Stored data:

-*-*-

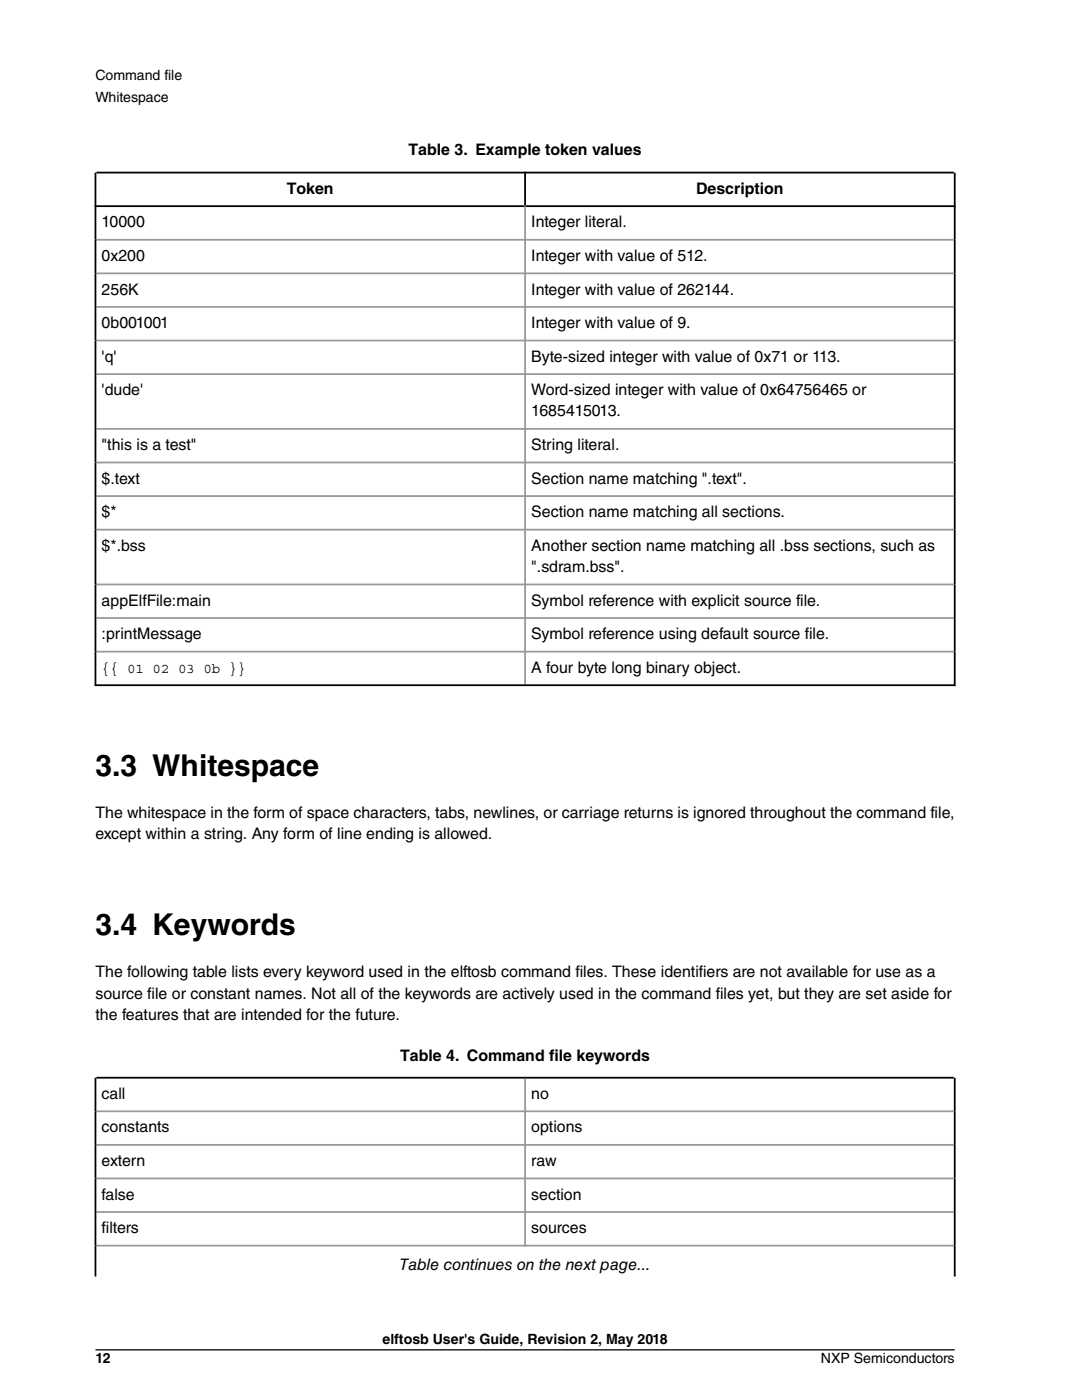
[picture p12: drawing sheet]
<svg xmlns="http://www.w3.org/2000/svg" width="216mm" height="279mm" viewBox="0 0 216 279" stroke-linecap="round" stroke-linejoin="round" font-family="sans-serif">
<defs><g id="words">
<g font-size="6">
<text x="19" y="154.8">3.3 Whitespace</text>
<text x="19.1" y="186.7">3.4 Keywords</text>
</g>
<g font-size="3.2">
<text x="81.5" y="31">Table 3. Example token values</text>
<text x="57.2" y="38.7">Token</text>
<text x="138.9" y="38.7">Description</text>
<text x="20.3" y="45.4">10000</text>
<text x="106" y="45.4">Integer literal.</text>
<text x="20.3" y="52.1">0x200</text>
<text x="106" y="52.1">Integer with value of 512.</text>
<text x="20.3" y="58.8">256K</text>
<text x="106" y="58.8">Integer with value of 262144.</text>
<text x="20.3" y="65.5">0b001001</text>
<text x="106" y="65.5">Integer with value of 9.</text>
<text x="20.3" y="72.2">'q'</text>
<text x="106" y="72.2">Byte-sized integer with value of 0x71 or 113.</text>
<text x="20.3" y="78.9">'dude'</text>
<text x="106" y="78.9">Word-sized integer with value of 0x64756465 or</text>
<text x="106" y="83.1">1685415013.</text>
<text x="20.3" y="89.8">&quot;this is a test&quot;</text>
<text x="106" y="89.8">String literal.</text>
<text x="20.3" y="96.5">$.text</text>
<text x="106" y="96.5">Section name matching &quot;.text&quot;.</text>
<text x="20.3" y="103.2">$*</text>
<text x="106" y="103.2">Section name matching all sections.</text>
<text x="20.3" y="109.9">$*.bss</text>
<text x="106" y="109.9">Another section name matching all .bss sections, such as</text>
<text x="106" y="114.2">&quot;.sdram.bss&quot;.</text>
<text x="20.3" y="120.9">appElfFile:main</text>
<text x="106" y="120.9">Symbol reference with explicit source file.</text>
<text x="20.3" y="127.6">:printMessage</text>
<text x="106" y="127.6">Symbol reference using default source file.</text>
<text x="106" y="134.3">A four byte long binary object.</text>
<text x="19" y="163.2">The whitespace in the form of space characters, tabs, newlines, or carriage returns is ignored throughout the command file,</text>
<text x="19" y="167.4">except within a string. Any form of line ending is allowed.</text>
<text x="19" y="195.1">The following table lists every keyword used in the elftosb command files. These identifiers are not available for use as a</text>
<text x="19" y="199.3">source file or constant names. Not all of the keywords are actively used in the command files yet, but they are set aside for</text>
<text x="19" y="203.5">the features that are intended for the future.</text>
<text x="79.9" y="211.7">Table 4. Command file keywords</text>
<text x="20.3" y="219.3">call</text>
<text x="106" y="219.3">no</text>
<text x="20.3" y="226">constants</text>
<text x="106" y="226">options</text>
<text x="20.3" y="232.7">extern</text>
<text x="106" y="232.7">raw</text>
<text x="20.3" y="239.4">false</text>
<text x="106" y="239.4">section</text>
<text x="20.3" y="246.1">filters</text>
<text x="106" y="246.1">sources</text>
<text x="79.7" y="253.5">Table continues on the next page...</text>
</g>
<g font-size="2.8">
<text x="19" y="15.9">Command file</text>
<text x="19" y="20.4">Whitespace</text>
<text x="20.3" y="134.3">{{ 01 02 03 0b }}</text>
<text x="76.3" y="268.3">elftosb User's Guide, Revision 2, May 2018</text>
<text x="19" y="272.1">12</text>
<text x="163.8" y="272.1">NXP Semiconductors</text>
</g>
</g></defs>
<path d="M19 26v8.4M190.5 26v8.4M19 206.7v8.4M190.5 206.7v8.4" fill="none" stroke="#fff" stroke-width=".35"/>
<path d="M19 34.4v102.5M19.2 34.4h171.1M104.8 34.3v6.8M190.5 34.4v102.5M18.9 41.1h171.8M18.9 136.8h171.8M19 215.1v39.7M19.2 215.1h171.1M190.5 215.1v39.7" fill="none" stroke="#000" stroke-width=".35"/>
<g fill="none" stroke="#999" stroke-width=".35">
<path d="M19.2 47.9h171.1M19.2 54.6h171.1M104.8 41.1v95.5M19.2 61.3h171.1M19.2 68h171.1M19.2 74.7h171.1M19.2 85.6h171.1M19.2 92.3h171.1M19.2 99h171.1M19.2 105.7h171.1M19.2 116.6h171.1M19.2 123.3h171.1"/>
<path d="M19.2 130h171.1M104.8 215.3v33.5M19.2 221.8h171.1M19.2 228.5h171.1M19.2 235.2h171.1M19.2 241.9h171.1M19.2 248.6h171.1"/>
</g>
<path d="M19 269.4h171.5" fill="none" stroke="#000" stroke-width=".26"/>
<use href="#words"/>
</svg>

-*-*-

What is expected:
Check each line of the records for the word "used", and show the lines that contain it.

Response area:
<text x="19" y="195.1">The following table lists every keyword used in the elftosb command files. These identifiers are not available for use as a</text>
<text x="19" y="199.3">source file or constant names. Not all of the keywords are actively used in the command files yet, but they are set aside for</text>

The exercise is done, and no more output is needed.